Ärgerlich war zudem, daß die Dauer der einzelnen Musikstücke unter dem Strich allzu knapp bemessen war. Immerhin schaffte man es, das höchstens einstündige Programm von acht Arien, zwei Duetten und vier Orchesterstücken mittels genüßlich zelebrierter Auf- und Abtritte. enervierend zerdehnter Unterbrechungen zwischen den einzelnen Musikhäppchen und einer längeren Pause, auf gut zwei Stunden zu strecken.

Ein in seiner Zusammenstellung also eher mittelmäßiger Abend — leider auch, was beide Solisten betraf. Kein Zweifel, beide besitzen das, was man außergewöhnliches Material nennt, beide wissen auch, ihre stimmlichen Stärken ins rechte Licht zu setzen. Doch auch deutliche Schwächen (als Folge von Raubbau?), die noch vor einigen Jahren — an ihren Schallplatten läßt sich dies nachweisen - nicht vorhanden waren, lassen sich mittlerweile nicht mehr kaschieren.

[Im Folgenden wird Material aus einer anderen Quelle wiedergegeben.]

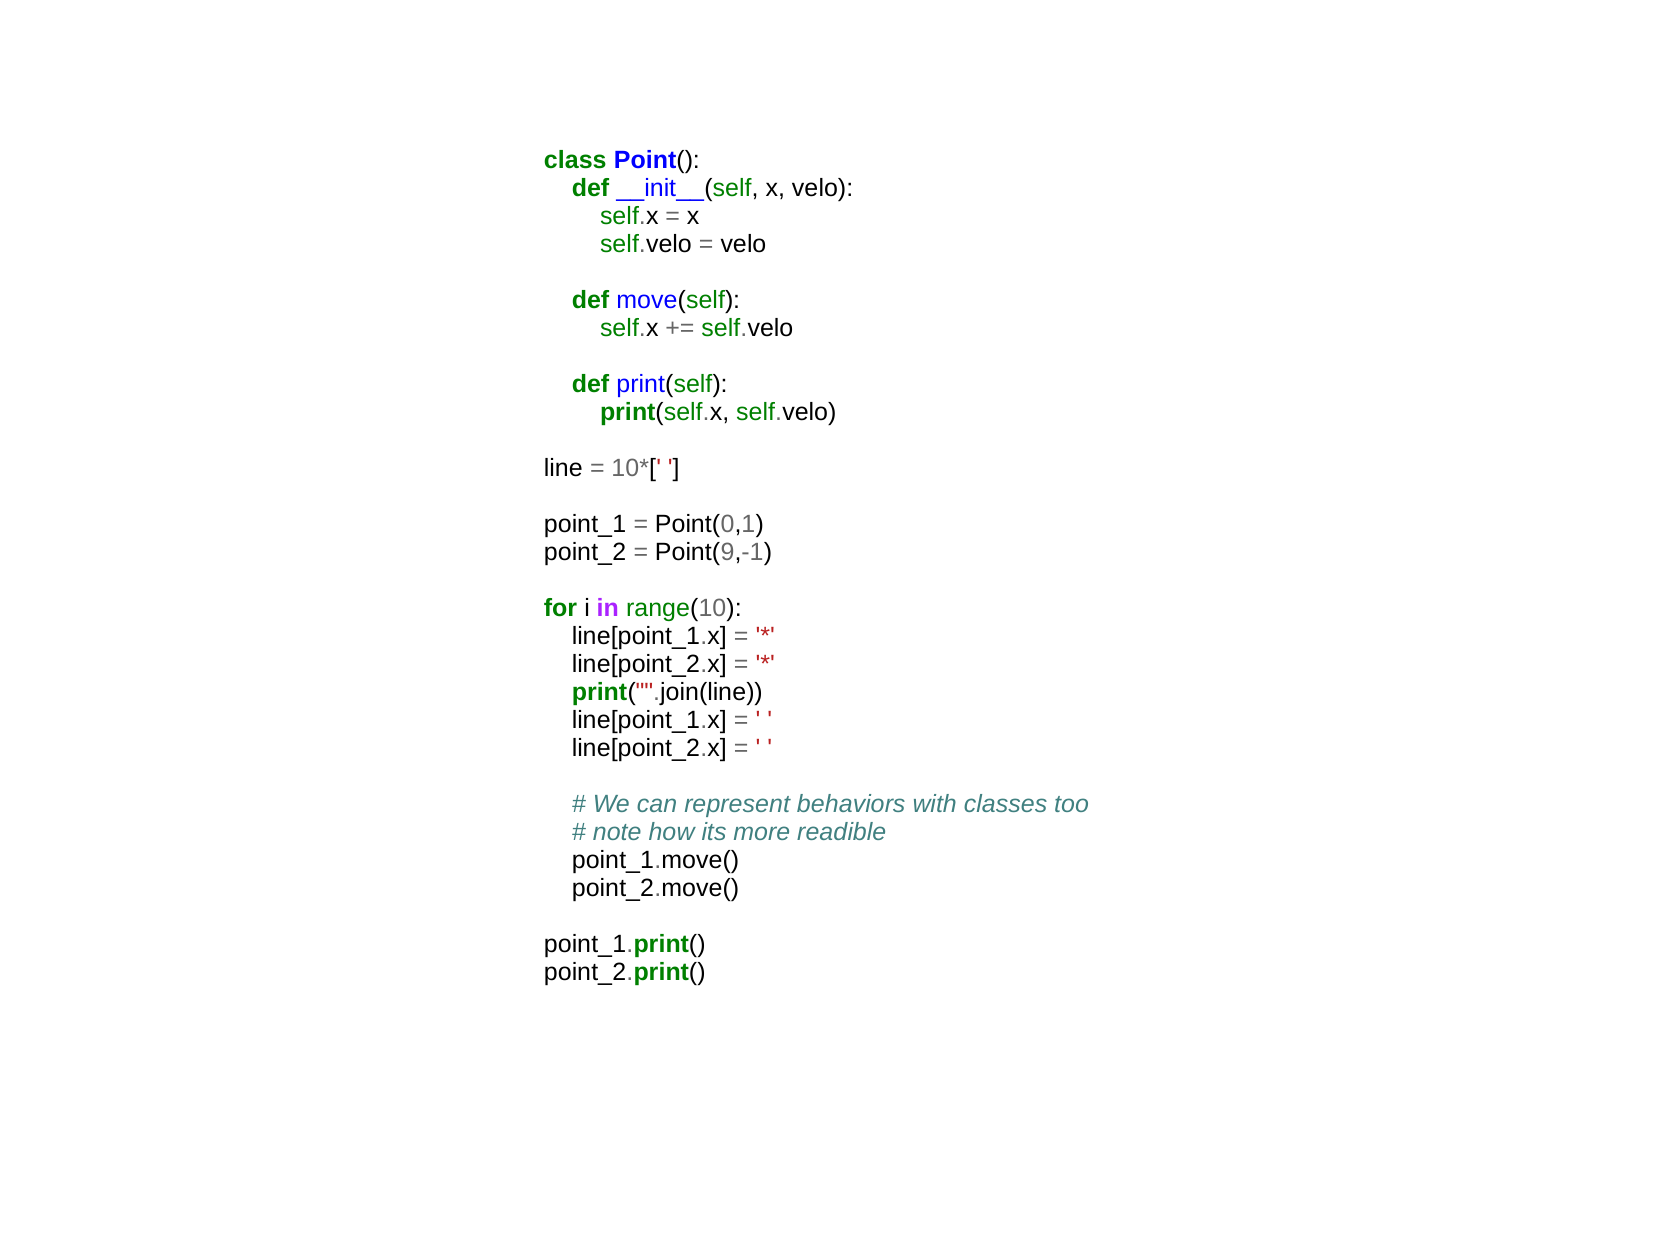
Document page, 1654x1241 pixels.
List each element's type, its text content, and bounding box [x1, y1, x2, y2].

text_box class Point(): def __init__(self, x, velo): self.x = x self.velo = velo def move(self): self.x += self.velo def print(self): print(self.x, self.velo) line = 10*[' '] point_1 = Point(0,1) point_2 = Point(9,-1) for i in range(10): line[point_1.x] = '*' line[point_2.x] = '*' print("".join(line)) line[point_1.x] = ' ' line[point_2.x] = ' ' # We can represent behaviors with classes too # note how its more readible point_1.move() point_2.move() point_1.print() point_2.print() [529, 138, 1125, 1102]

Dem großvolumigen Sopran Katia Ricciarellis, der im vibratoreichen Forte bisweilen zu scharf und grell wird, mangelt es inzwischen vor allem an für die italienische Oper so wichtigen Zwischentönen. Stattdessen flüchtet sich die Sopranistin zu oft in hingehauchte, manieriert wirkende pianissimi, die auch schon mal auf den hohen Noten, wie in dem anfangs gesungenen ‚.Sogno di Doretta“ aus Puccinis „La Rondine“ wegkippen können. Am vorteilhaftesten klingt die Stimme der Ricciarelli heute im Mezzaforte. Und damit ist sie leider nicht allein, denn auch der einstmals so leicht geführte Tenor von José Carreras ist schwerer und unflexibler geworden. So sang er beispielsweise Rodolfos .‚Che gelida mannina“ aus „La Boheme“ viel zu sehr unter Überdruck, zu wenig auf Linie, mußte gar das von Puccini ökonomisch in die aufsteigende Kantilene eingebaute hohe C unnötig und glanzlos forcieren.
Beide Sänger machten den meisten Effekt in den affektreichen Arien und dem hymnischen Schlußduett aus Giordanos „Andrea Chenier“. Für die restlichen Puccini-Arien („Manon Lescaut“ und „Tosca“) hätte ich mir mehr gesangliche Differenzierung gewünscht.

Am Pult des, von gelegentlich zu grellen Blechbläserakkorden abgesehen, klangschön musizierenden Radio-Symphonie-Orchesters Berlin begleitete RICCARDO CHAILLY die Aneinanderreihung der kurzen Gesangspiècen mit sparsamer, akurater und unaufdringlicher Gestik. Lediglich bei drei Intermezzi („I Pagliacci“,,,Cavalleria rusticana“ und „Manon Lescaut“) und dem eingangs gespielten „Preludio Sinfonico“ Puccinis —einem recht seichten, eigentlich nur als Instrumentationsstudie gedachten Jugendwerk von 1876 — standen das Orchester und sein designierter Chef im Mittelpunkt.